100.0% of residents lived in urban areas, while 0.0% lived in rural areas.

There were 1,752 households in Shady Hollow, of which 33.6% had children under the age of 18 living in them. Of all households, 72.7% were married-couple households, 8.7% were households with a male householder and no spouse or partner present, and 15.5% were households with a female householder and no spouse or partner present. About 13.5% of all households were made up of individuals and 8.0% had someone living alone who was 65 years of age or older.

There were 1,792 housing units, of which 2.2% were vacant. The homeowner vacancy rate was 1.0% and the rental vacancy rate was 2.8%.

===2000 census===
As of the census of 2000, there were 5,140 people, 1,658 households, and 1,483 families residing in the CDP. The population density was 957.3 PD/sqmi. There were 1,675 housing units at an average density of 311.9 /sqmi. The racial makeup of the CDP was 89.67% White, 2.61% African American, 0.35% Native American, 2.67% Asian, 0.02% Pacific Islander, 3.19% from other races, and 1.50% from two or more races. Hispanic or Latino of any race were 12.92% of the population.

There were 1,658 households, out of which 49.7% had children under the age of 18 living with them, 81.2% were married couples living together, 5.9% had a female householder with no husband present, and 10.5% were non-families. 8.0% of all households were made up of individuals, and 1.7% had someone living alone who was 65 years of age or older. The average household size was 3.06 and the average family size was 3.23.
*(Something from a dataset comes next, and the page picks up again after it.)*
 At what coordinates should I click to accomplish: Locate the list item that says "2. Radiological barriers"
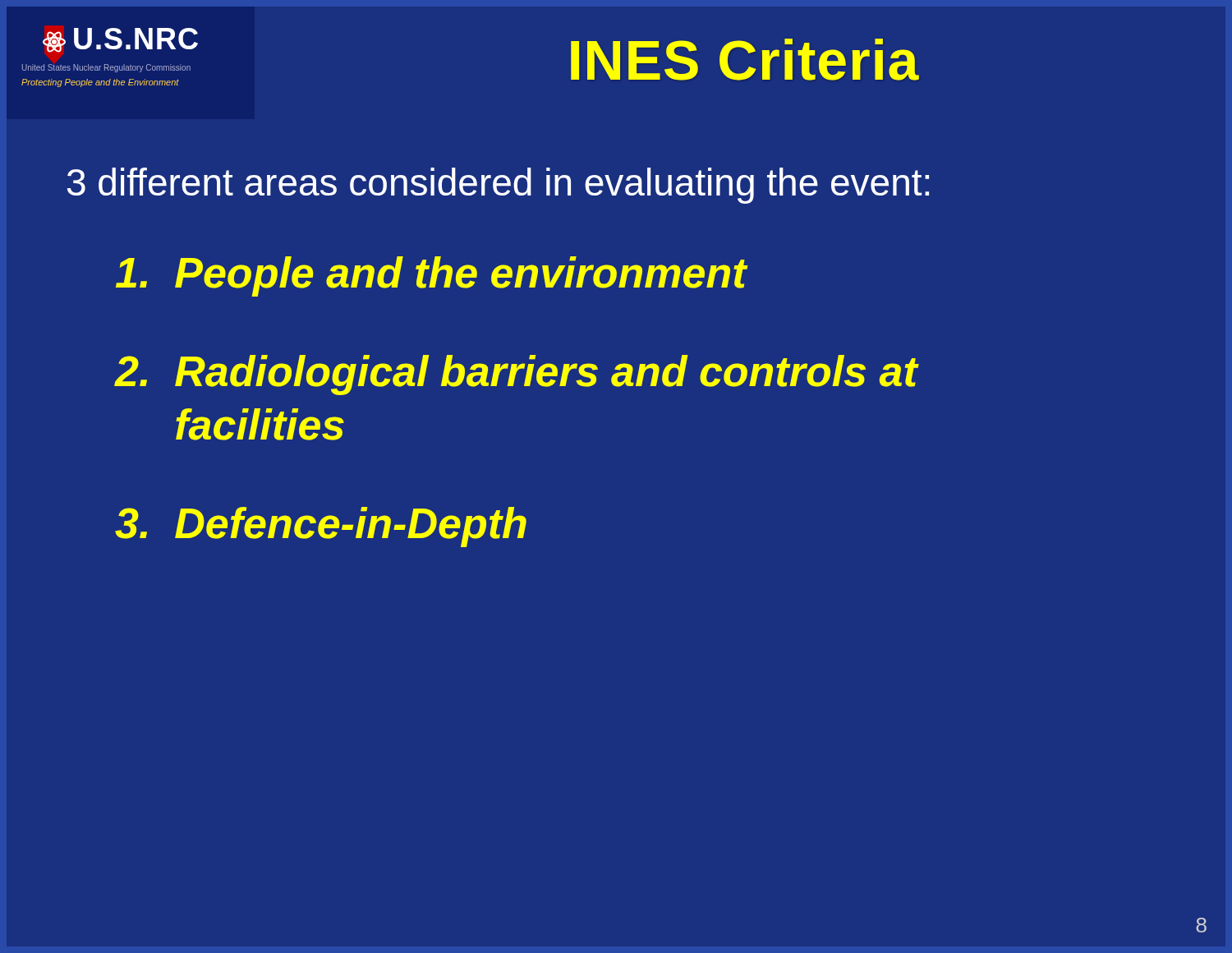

In the CDP, the population was spread out, with 30.8% under the age of 18, 5.6% from 18 to 24, 27.5% from 25 to 44, 30.5% from 45 to 64, and 5.6% who were 65 years of age or older. The median age was 39 years. For every 100 females, there were 102.8 males. For every 100 females age 18 and over, there were 99.8 males.
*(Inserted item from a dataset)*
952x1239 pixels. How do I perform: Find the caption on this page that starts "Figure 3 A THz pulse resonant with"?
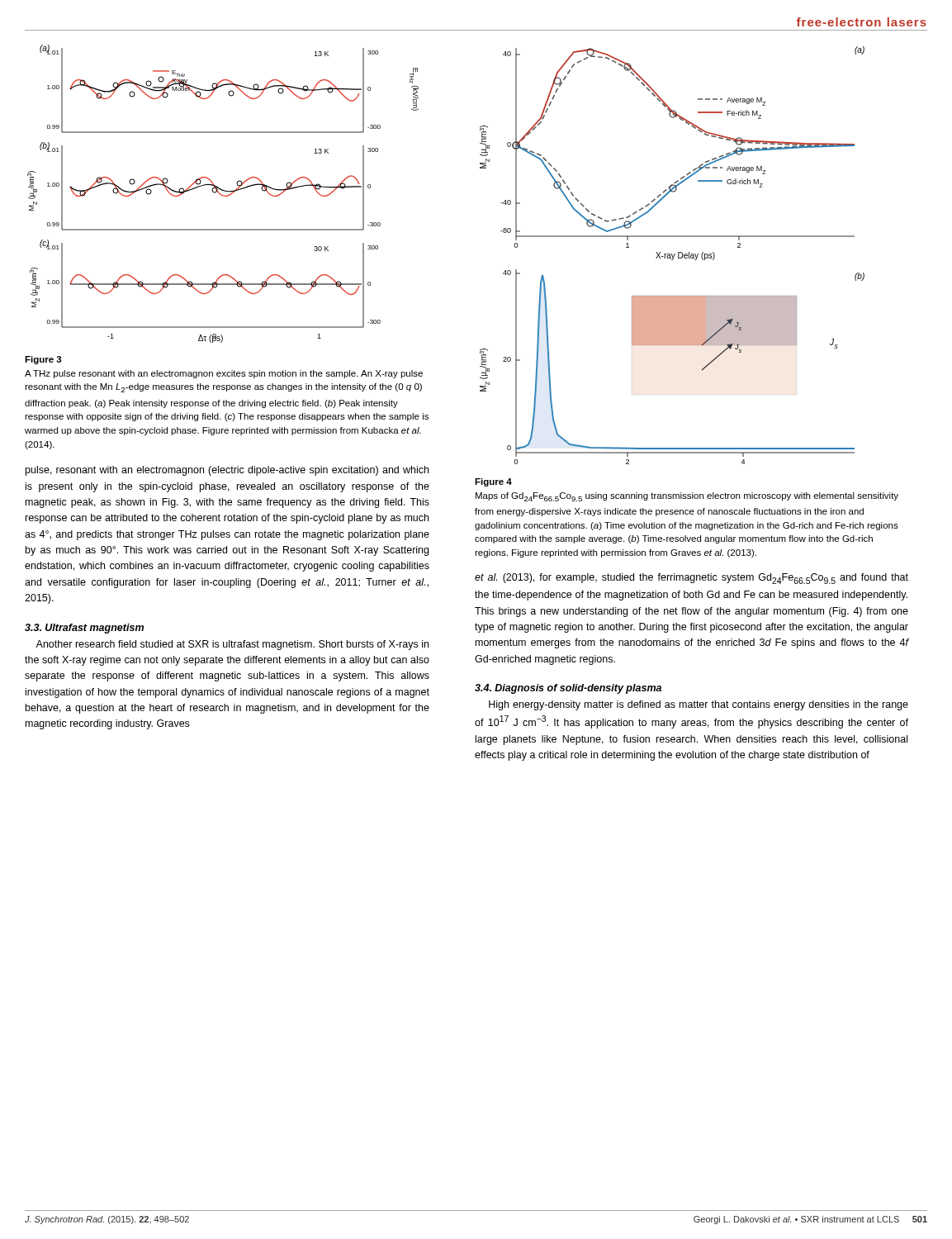click(x=227, y=402)

The median income for a household in the CDP was $94,470, and the median income for a family was $94,249. Males had a median income of $70,471 versus $37,868 for females. The per capita income for the CDP was $33,532. About 0.5% of families and 1.8% of the population were below the poverty line, including 0.9% of those under age 18 and none of those age 65 or over.
==Government and infrastructure==
The Manchaca Volunteer Fire Department, headquartered in an unincorporated area of Travis County, provided Shady Hollow with fire protection for many years. As of July 1, 2016 there was an agreement that Austin Fire Dept. would take over the Shady Hollow fire station and provide protection. Travis County Sheriff's Office provides police protection.

==Education==
Residents are in the Austin Independent School District. Residents are zoned to Baranoff Elementary School in Austin, Bailey Middle School in the Shady Hollow CDP, and Bowie High School in Austin.

Bowie was built in 1988. Bailey was built in 1993. Baranoff was built in 1998.